YelloPark
- Interactive map of YelloPark
- Location: Nantes, France
- Coordinates: 47°15′22″N 1°31′42″W﻿ / ﻿47.256165°N 1.5283012°W
- Capacity: 40,000 (planned)
- Surface: Grass
- Field size: 105m x 68m

Construction
- Groundbreaking: 2019 (planned)
- Opened: 2023 (planned)
- Cost: €200 million (estimated)
- Architects: HKS ATSP

Tenant
- FC Nantes (planned) 2024 Summer Olympic Games (planned) 2023 Rugby World Cup (planned)

= YelloPark =

Proposed football stadium in Nantes, France

YelloPark was a proposed football stadium planned to be built in Nantes, France. It was expected to serve as the stadium of FC Nantes and as a football venue for the 2024 Summer Olympic Games in Paris and the 2023 Rugby World Cup.
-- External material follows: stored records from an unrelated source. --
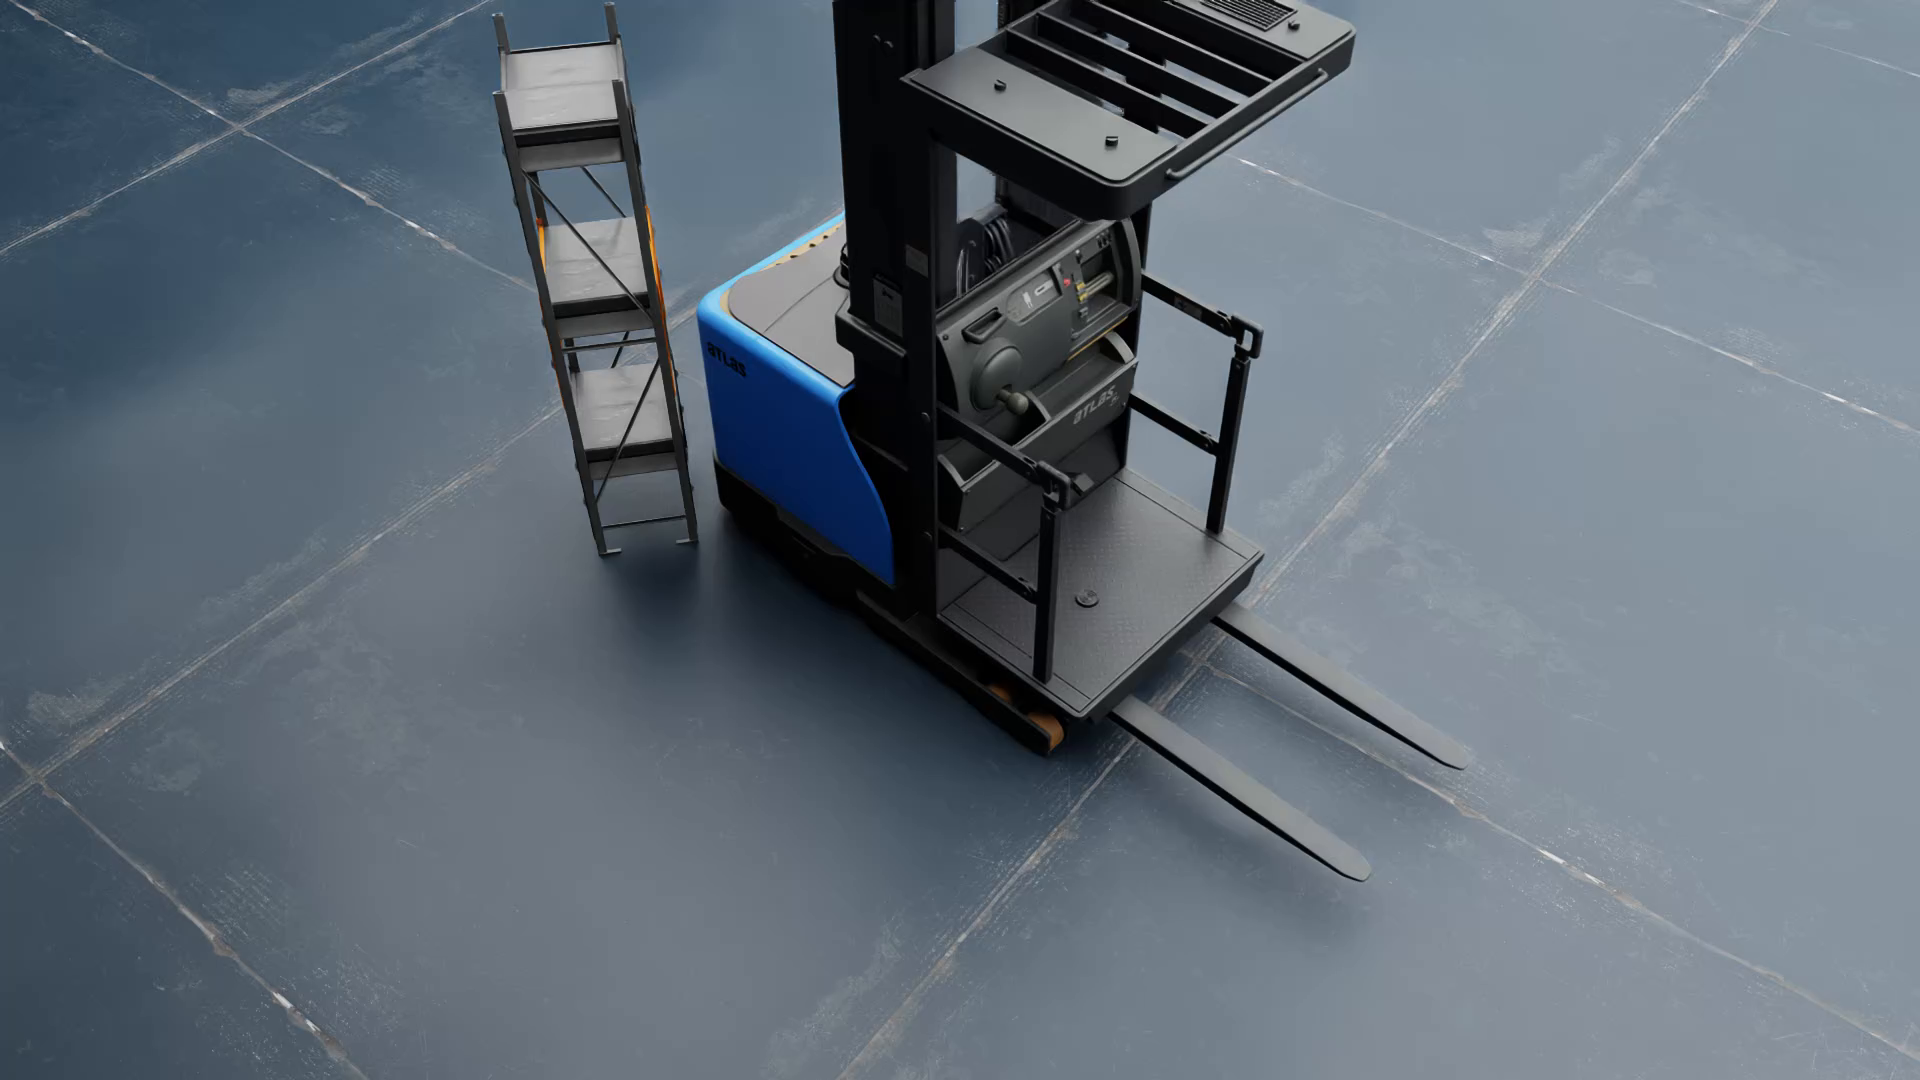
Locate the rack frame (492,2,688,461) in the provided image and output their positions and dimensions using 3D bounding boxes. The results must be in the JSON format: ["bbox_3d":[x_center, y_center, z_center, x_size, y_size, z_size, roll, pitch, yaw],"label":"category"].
[{"bbox_3d":[-1.352,-1.041,6.292,0.400,2.100,0.015,-8,47,-8],"label":"rack frame"}]

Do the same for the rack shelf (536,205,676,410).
[{"bbox_3d":[-1.305,-0.858,6.137,0.431,0.518,0.480,-8,47,-8],"label":"rack shelf"}]

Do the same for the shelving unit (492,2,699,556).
[{"bbox_3d":[-1.305,-0.868,6.127,0.431,2.100,0.503,-8,47,-8],"label":"shelving unit"}]

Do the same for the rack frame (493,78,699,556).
[{"bbox_3d":[-1.257,-0.695,5.962,0.400,2.100,0.015,-8,47,-8],"label":"rack frame"}]

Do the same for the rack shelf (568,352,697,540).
[{"bbox_3d":[-1.305,-0.375,6.643,0.431,0.518,0.480,-8,47,-8],"label":"rack shelf"}]

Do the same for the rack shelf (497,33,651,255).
[{"bbox_3d":[-1.305,-1.342,5.631,0.431,0.518,0.480,-8,47,-8],"label":"rack shelf"}]

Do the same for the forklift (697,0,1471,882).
[{"bbox_3d":[0.430,-0.675,5.368,3.031,2.935,1.130,34,55,28],"label":"forklift"}]

The stadium would have had a capacity of 40,000 and its construction was projected to take place between 2019 and 2022. It was to be built near the Stade de la Beaujoire that it was planned eventually to replace.
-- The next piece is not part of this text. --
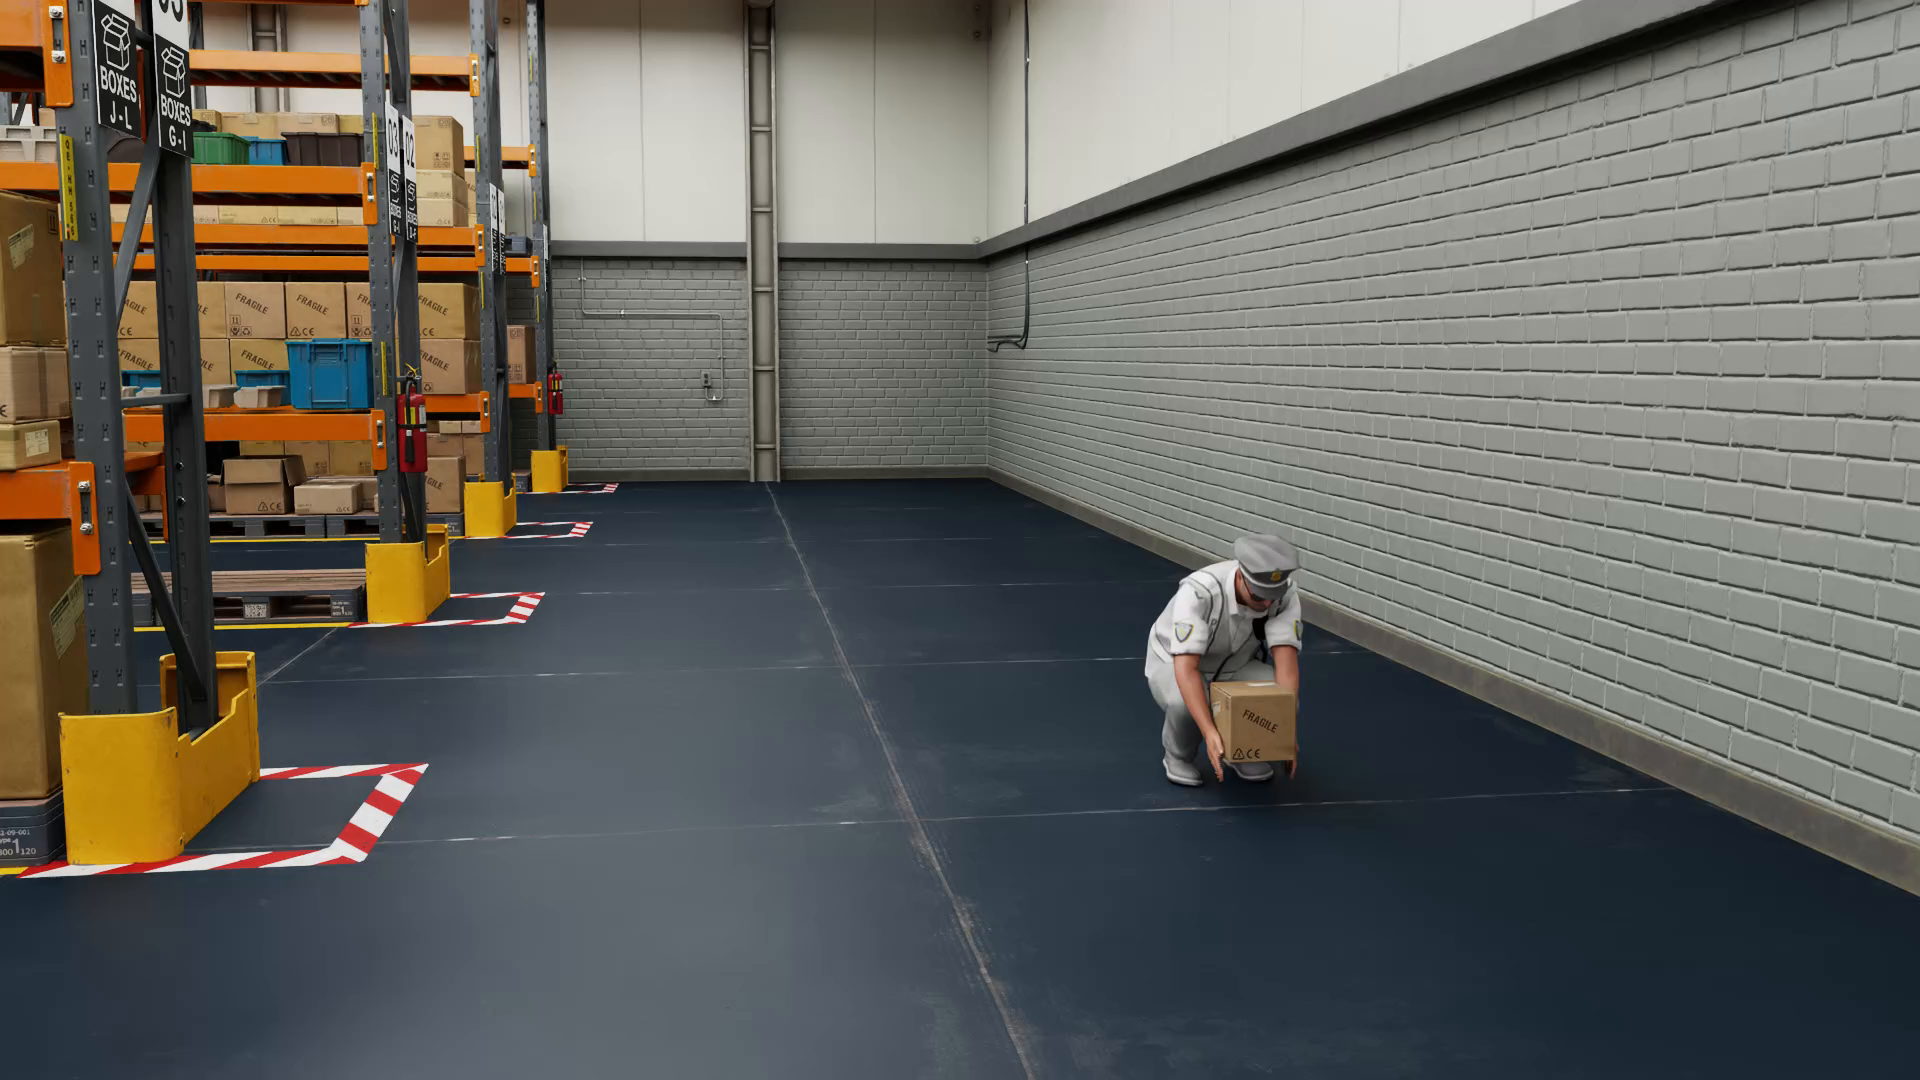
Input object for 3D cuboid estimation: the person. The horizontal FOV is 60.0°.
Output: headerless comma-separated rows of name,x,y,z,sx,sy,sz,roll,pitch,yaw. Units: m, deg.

In a vote on 7 December 2018, Nantes Metropolitan Council agreed to discuss the sale of land critical to the proposed YelloPark project. Councillors also voted for the renovation of the Stade de la Beaujoire. However, after deliberations on 19 February 2019, the Council voted against selling the land needed to develop the project. On 26 February 2019, the project was subsequently cancelled.